Quince Therapeutics, Inc. reported a significant financial turnaround in its latest quarterly results, with a net income of $35.9 million for the three months ended March 31, 2026, compared to a net loss of $15.0 million during the same period in 2025. This shift was primarily driven by a $31.1 million fair value adjustment related to warrants and a $12.2 million adjustment for debt, following the settlement of an outstanding loan with the European Investment Bank. Total operating expenses for the quarter decreased slightly to $14.6 million from $14.9 million year-over-year, reflecting a reduction in research and development costs as the company ceased clinical development of its lead drug candidate, eDSP, after its Phase 3 NEAT trial did not meet primary or secondary endpoints.

The company’s cash and cash equivalents increased to $18.2 million as of March 31, 2026, up from $5.8 million at the end of the previous fiscal year. This increase was bolstered by approximately $15 million raised through its at-the-market (ATM) program, which allowed the issuance of 8 million shares of common stock. However, Quince cautioned that its current cash reserves may not be sufficient to fund operations for the next twelve months, necessitating additional funding through public or private financing options.
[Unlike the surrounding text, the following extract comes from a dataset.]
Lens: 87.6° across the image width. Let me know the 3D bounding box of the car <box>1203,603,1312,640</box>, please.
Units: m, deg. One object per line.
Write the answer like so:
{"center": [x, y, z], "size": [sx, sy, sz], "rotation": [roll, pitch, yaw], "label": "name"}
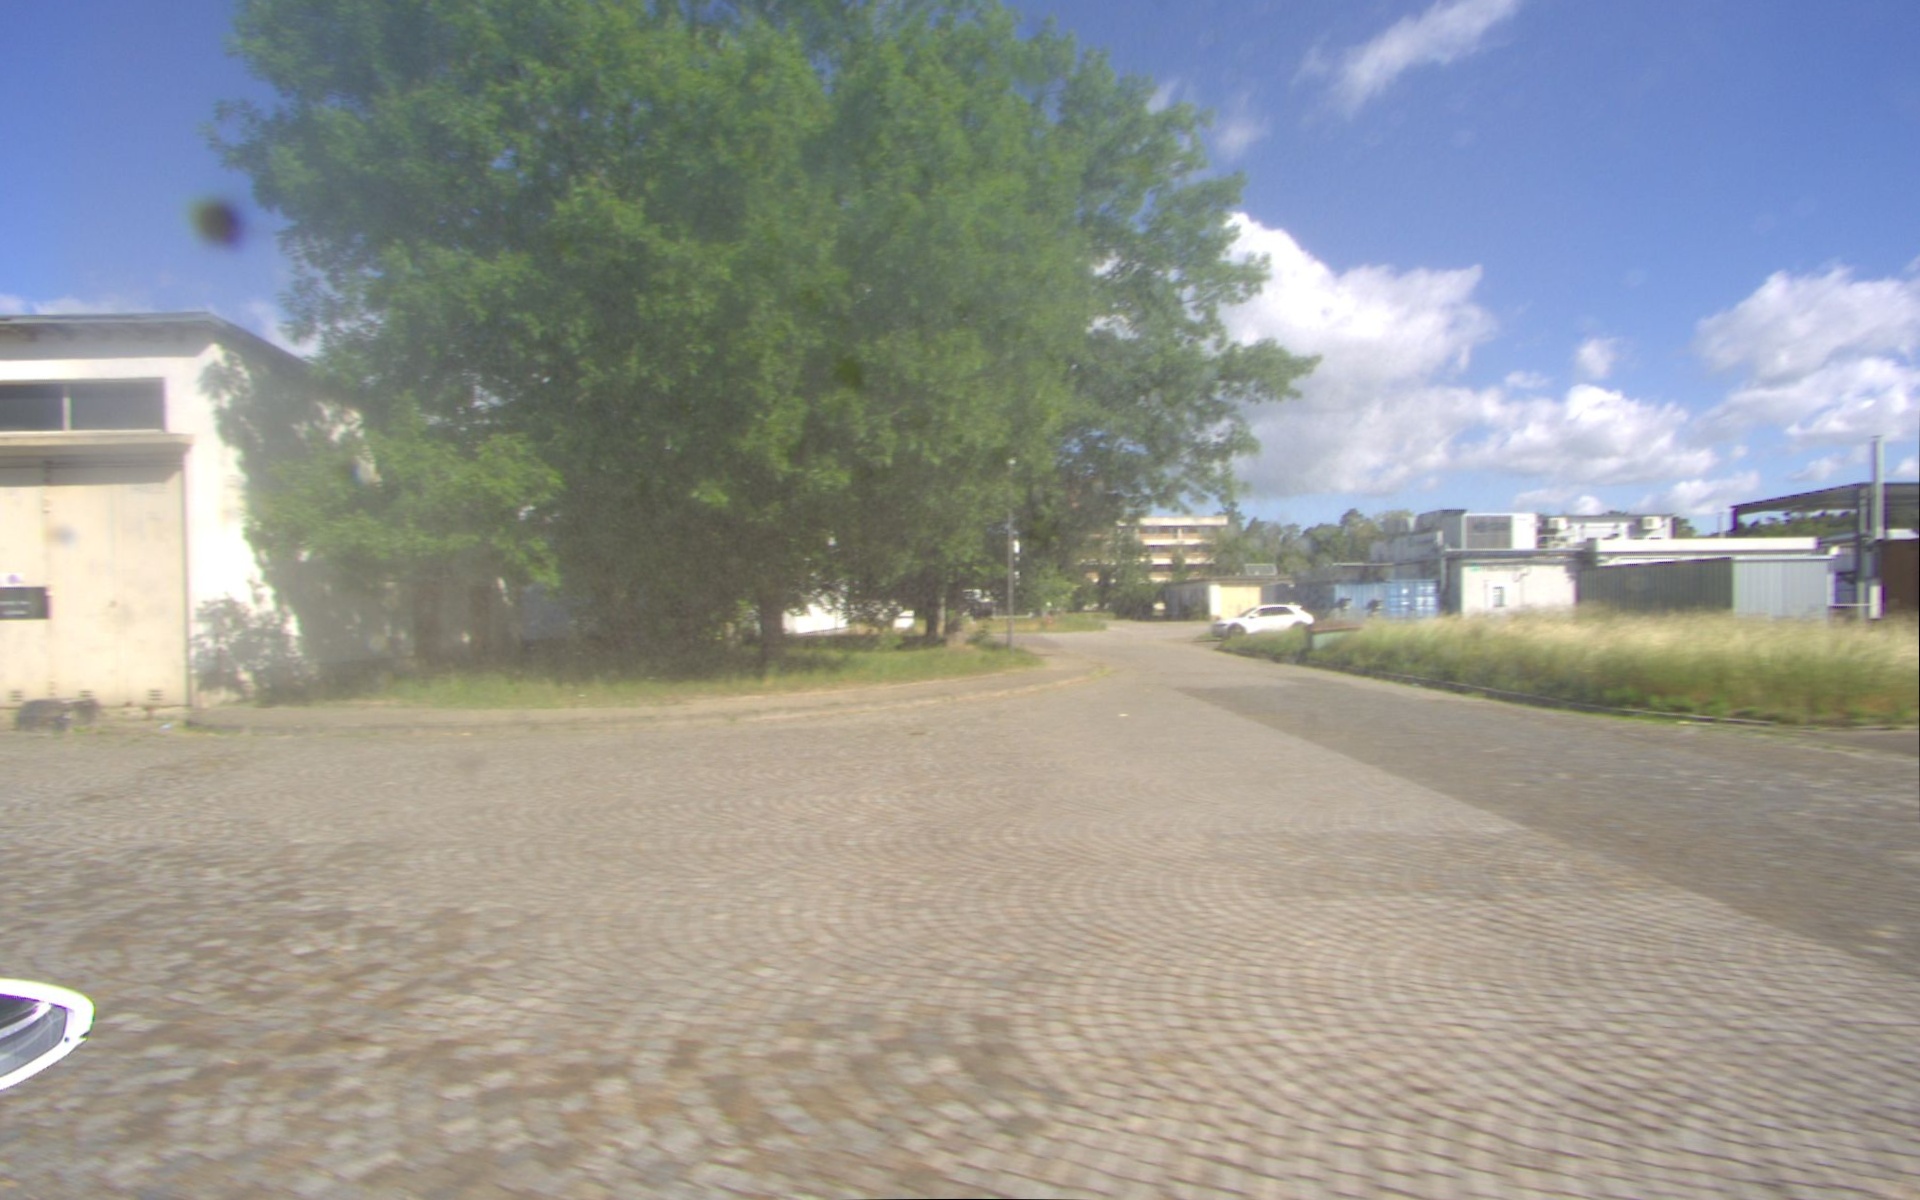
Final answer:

Operationally, Quince has undergone significant changes, including the engagement of LifeSci Capital as a financial advisor to explore strategic alternatives, including a potential reverse merger. The company has no other product candidates in development following the discontinuation of eDSP, which was intended to treat Ataxia-Telangiectasia (A-T). The decision to halt development was based on the trial results, which indicated that the treatment did not demonstrate statistical significance in efficacy compared to placebo.

In terms of employee metrics, Quince's workforce has been impacted by restructuring efforts, which included severance costs. The company reported a personnel-related expense increase of $0.7 million, attributed to severance payments and stock-based compensation. As of March 31, 2026, Quince had a total of 13.8 million shares outstanding following a 1-for-10 reverse stock split that took effect on April 10, 2026. The company is currently focused on preserving cash while evaluating its strategic options, with substantial doubt raised regarding its ability to continue as a going concern without securing additional funding.

About Quince Therapeutics, Inc.

Quince Therapeutics is a late-stage biotech company developing innovative drug/device combination therapies using its proprietary AIDE platform, which encapsulates drugs into a patient’s own red blood cells for targeted, safer, and more effective treatment of rare diseases. Its lead candidate, eDSP, aims to treat neurodegenerative and autoimmune conditions like Ataxia-Telangiectasia, leveraging improved safety and biodistribution. The company focuses on clinical development, regulatory approval, and strategic partnerships in rare disease markets.

This description was generated via AI from an annual report. Updated 8 months ago.